'''

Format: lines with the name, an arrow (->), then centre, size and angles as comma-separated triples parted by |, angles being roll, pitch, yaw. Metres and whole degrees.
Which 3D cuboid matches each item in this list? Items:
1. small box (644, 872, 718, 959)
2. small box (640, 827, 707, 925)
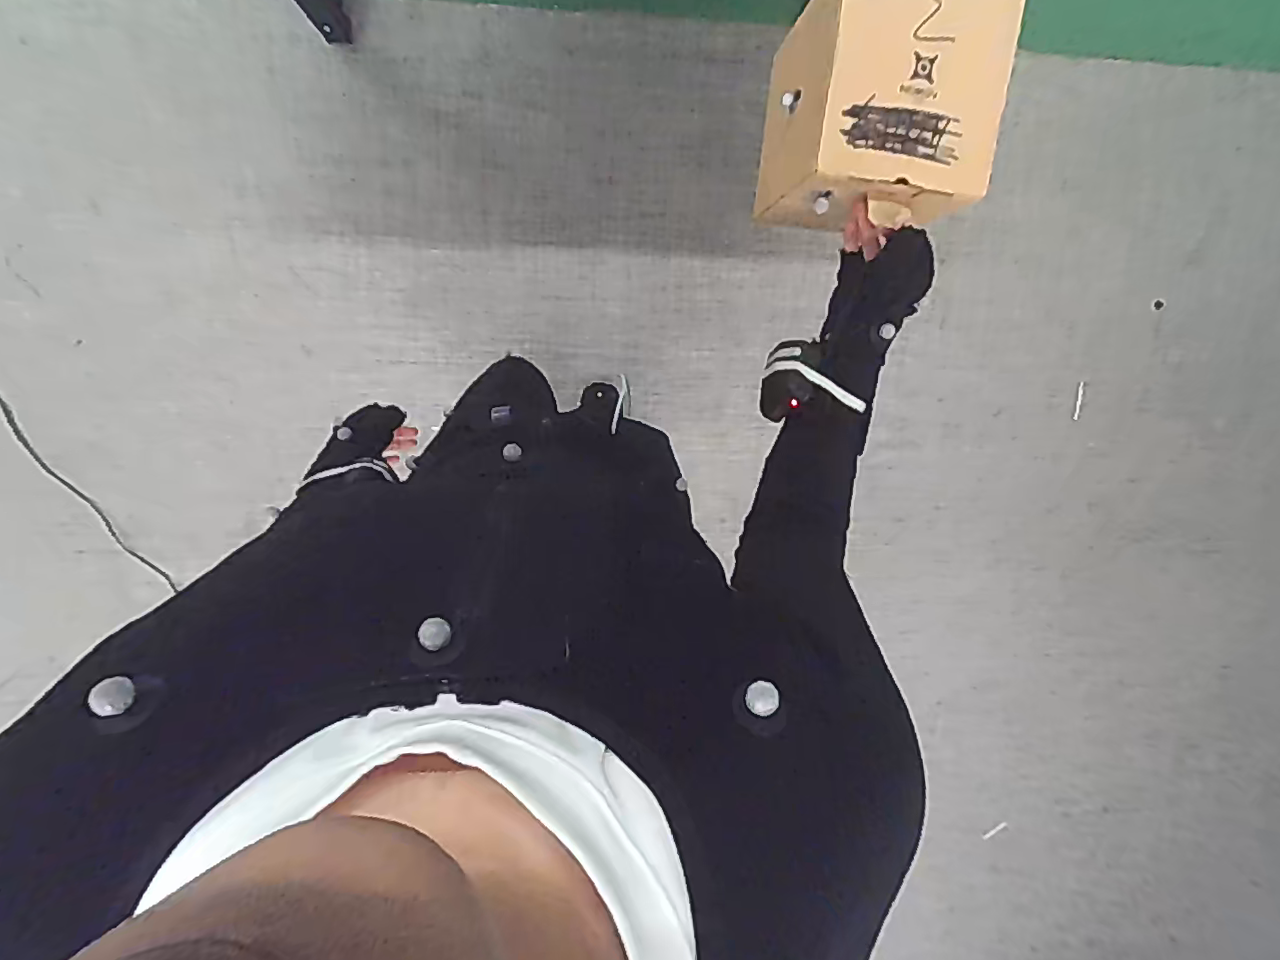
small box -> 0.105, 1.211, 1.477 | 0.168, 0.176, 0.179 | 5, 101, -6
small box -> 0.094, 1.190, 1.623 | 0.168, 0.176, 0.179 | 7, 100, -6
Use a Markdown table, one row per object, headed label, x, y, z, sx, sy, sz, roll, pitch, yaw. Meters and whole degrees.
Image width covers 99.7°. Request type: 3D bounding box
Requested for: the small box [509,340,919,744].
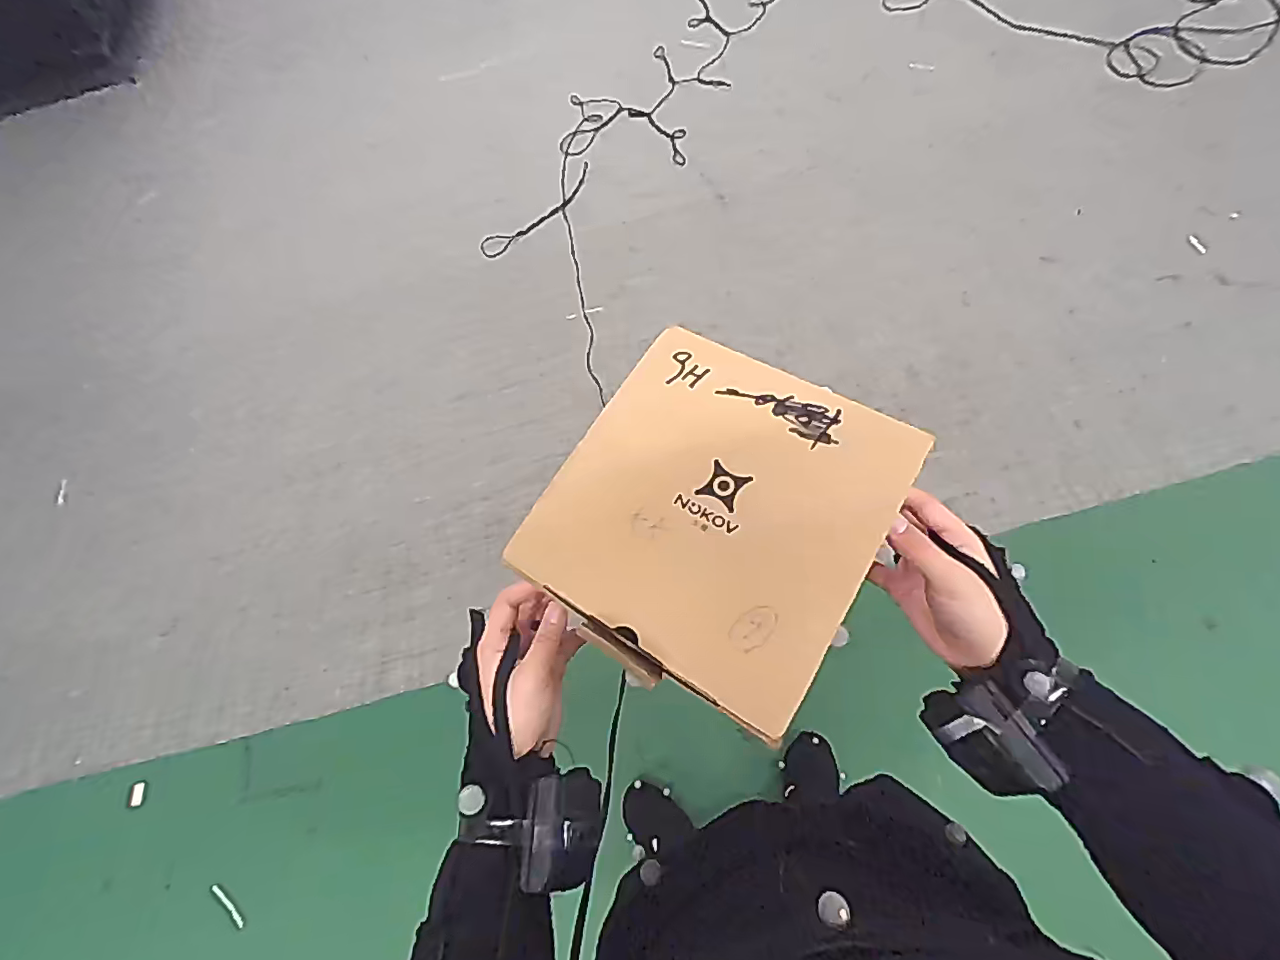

'''

__YOUR INSTRUCTIONS__. Look above and repeat, character for character, the lines from the first one to the line with "1. small box (644, 872, 718, 959)", counting both.

__RESPONSE AREA__.
Format: lines with the name, an arrow (->), then centre, size and angles as comma-separated triples parted by |, angles being roll, pitch, yaw. Metres and whole degrees.
Which 3D cuboid matches each item in this list? Items:
1. small box (644, 872, 718, 959)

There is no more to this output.